To remain in this position of leadership, Vestas has adapted to the sweeping changes that the industry has undergone in recent years. Particularly starting in 2009, as wind power buyers went from a model based on direct negotiation between two parties (often with subsidized prices) to a tender-based system. This radical transformation in wind power service sales, contracts and maintenance has entailed an enormous challenge for the company’s human resources team.
Challenges: negotiation staff training to adapt to a changing market
Facing such a profound transformation in the business, Vestas opted to prepare and upskill its staff to meet these new challenges. The company’s training and development team was facing two daunting challenges:
New negotiation skills. The extension of the new tendering system in the wind power sector called for Vestas to adopt a different way of working. While the previous model entailed contracts signed between two parties (energy buyer and energy producer), companies now need to team up with partners to secure tender awards. This has required the employees of Vestas to reinforce some of their negotiation skills (securing more favorable prices from suppliers, fully understanding the interests of contractors, creating value with other partners, establishing long-term relationships…).
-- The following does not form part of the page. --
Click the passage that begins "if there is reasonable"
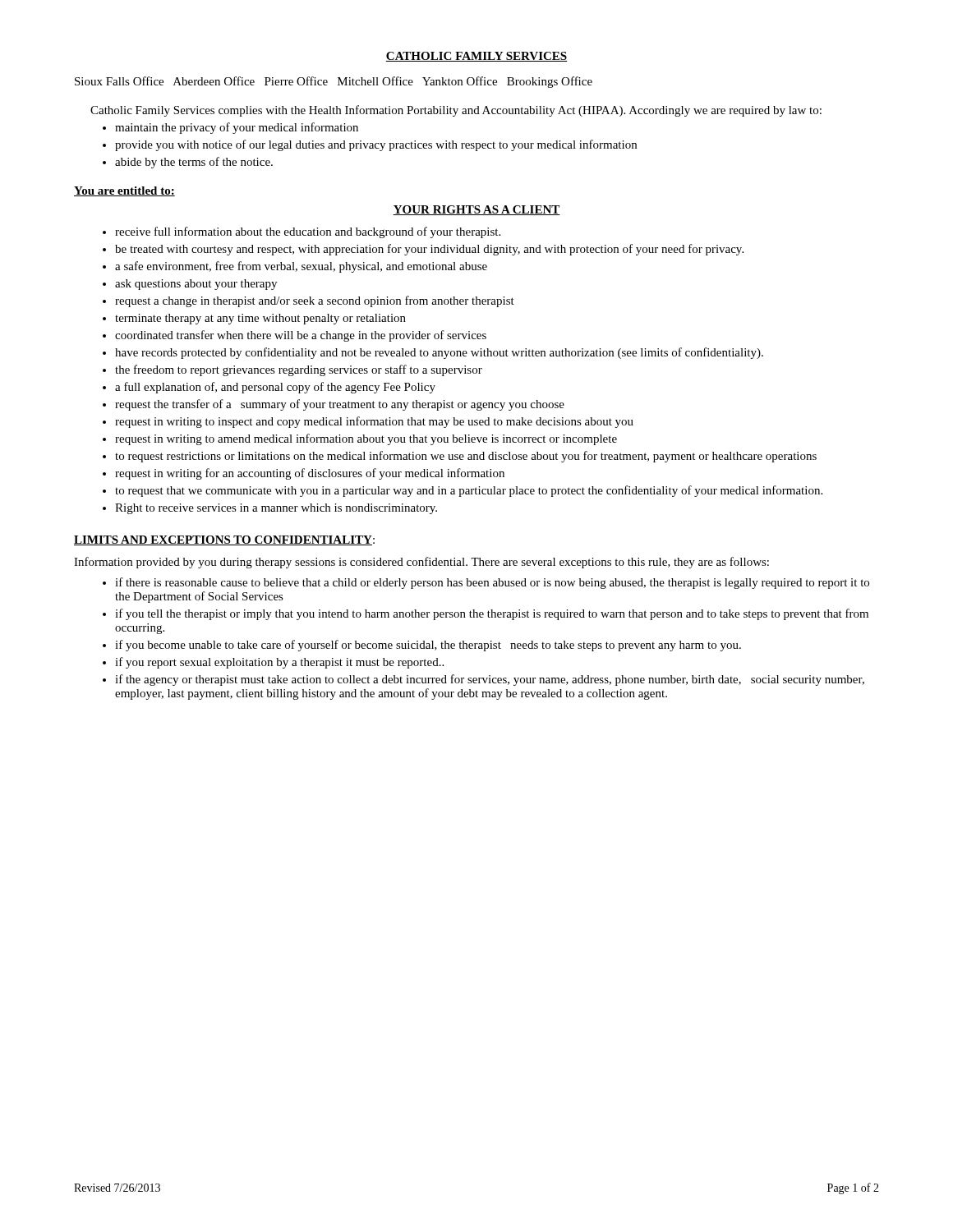 492,589

Maximum flexibility in all languages and countries. Given the enormous geographic dispersion of Vestas personnel (many employees are working in remote areas where wind turbines are installed), the company needed an online course that could be taken from any device, anywhere and anytime. Flexibility had to be paramount so that all employees could learn at their own pace.
Solution: Merchants game-based negotiation learning
To meet these challenges, the training and development team at Vestas committed to Merchants, a serious game for learning negotiation skills. This Gamelearn-developed course transports players back to fifteenth-century Venice, where they will face 6 “real” negotiations and be challenged to become the best merchant in the city. The Merchants video game provides at least three advantages:
1. The negotiation skills that Vestas needs. This serious game based on the Harvard approach to negotiation is a perfect fit for the model change that the wind power industry has been undergoing. Merchants particularly highlights identifying the interests of the other party, seeking alternative solutions to problems that could arise during a negotiation, developing long-term relationships, creating value together with your partners and making a bigger pie to reach agreements that ensure a win-win for everyone involved.
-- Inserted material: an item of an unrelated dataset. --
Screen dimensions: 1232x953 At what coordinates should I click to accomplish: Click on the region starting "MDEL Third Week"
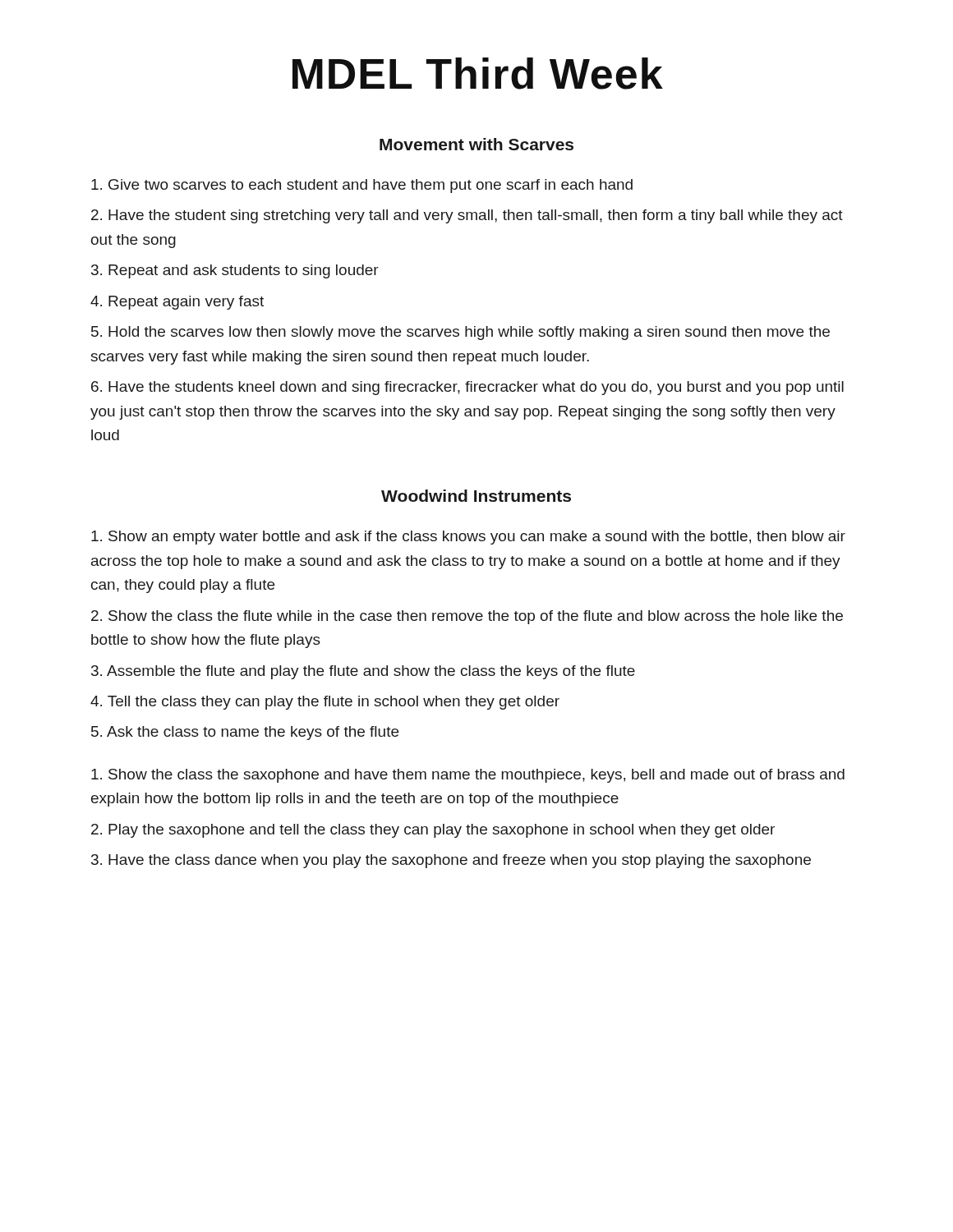coord(476,74)
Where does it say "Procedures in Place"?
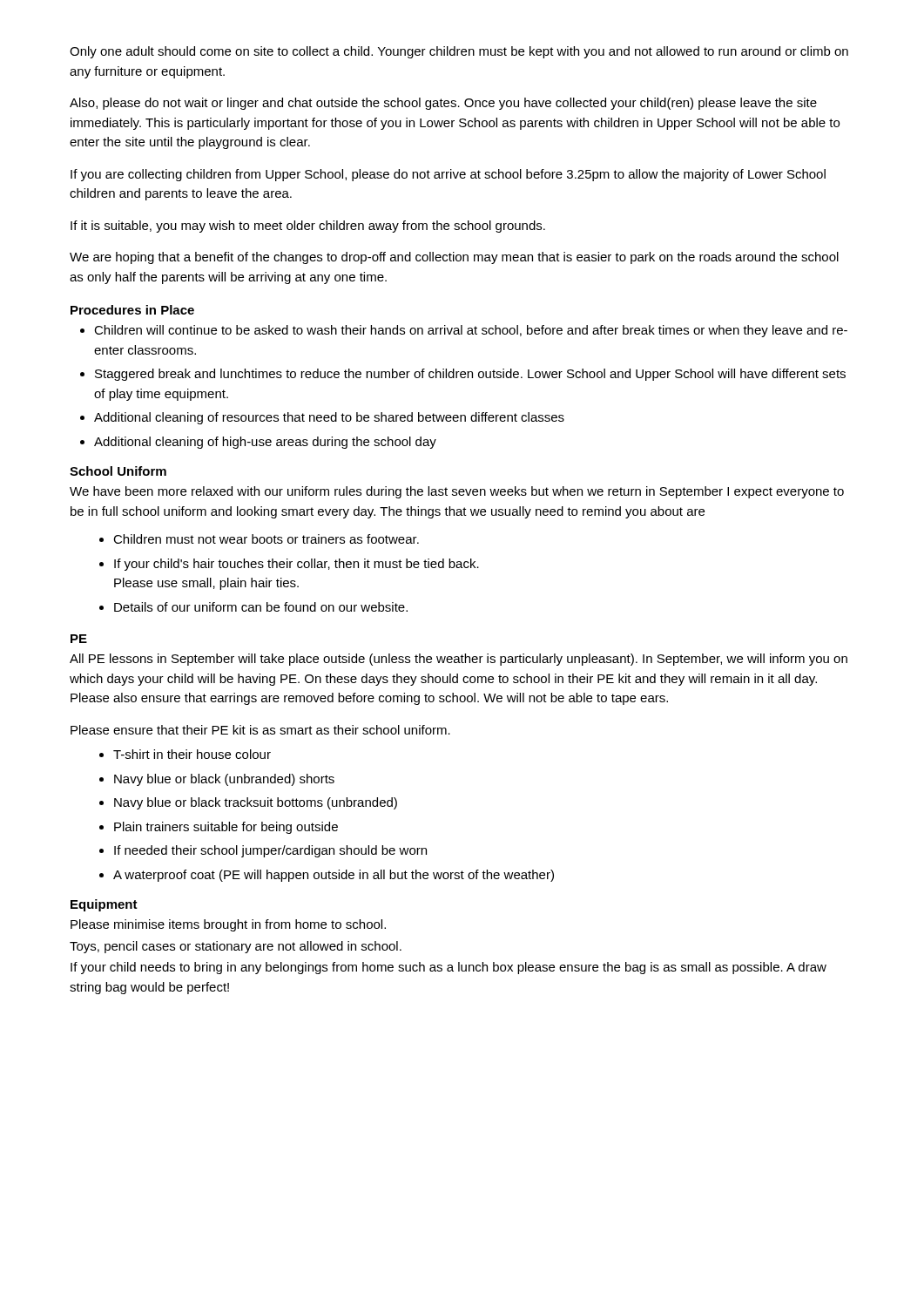Viewport: 924px width, 1307px height. click(132, 310)

2. Learning by doing. The video game not only presents the best negotiating techniques but also lets employees practice them from the very outset. The game’s sophisticated simulator lets students present proposals and reach agreements with tough negotiators who are by no means pushovers. These are more or less the same conditions that Vestas employees face in their day- to-day tasks.
3. An online, flexible, multi-device and multi-language course. Merchants also met the challenge to offer the greatest flexibility to employees. For Vestas, this aspect was and still is essential. Students need only a username and password to play the game from anywhere and anytime. Moreover, for a rich multicultural team such as Vestas, this video game has the advantage of being available in several languages (English, French, German, Spanish and Portuguese). This availability of languages proved to be critical in expanding the training proposal, since it enabled the company to offer an educational product in the worker’s native language, which thus increased the acceptance level, follow-through, receptivity and utility of the program.
Results: higher revenue and more awarded tenders
Despite the challenges that Vestas has been facing in recent years, particularly concerning the shift in the model toward tendering, the company has managed to remain the universal bellwether in renewable energies. The company had its best results ever in 2016, securing an income of €10,237 million (a year-on-year increase of 21.5%).
The Merchants video game contributed to improving employees’ negotiation skills in general and fostered the capabilities of the staff to adapt to the new rules of the game.
The staff’s new negotiation skills helped increase sales by 21.5% in 2016
In countries such as Argentina, Brazil, Chile, Mexico, Peru, Russia and South Africa, where tendering models are already in use, the company was able to increase its results with projects of over 3 gigawatts of energy.
There is little doubt regarding Vestas understanding of how to remain a step ahead of the competition and adapt to the changes in the wind power sector; and Merchants has been a part of that secret.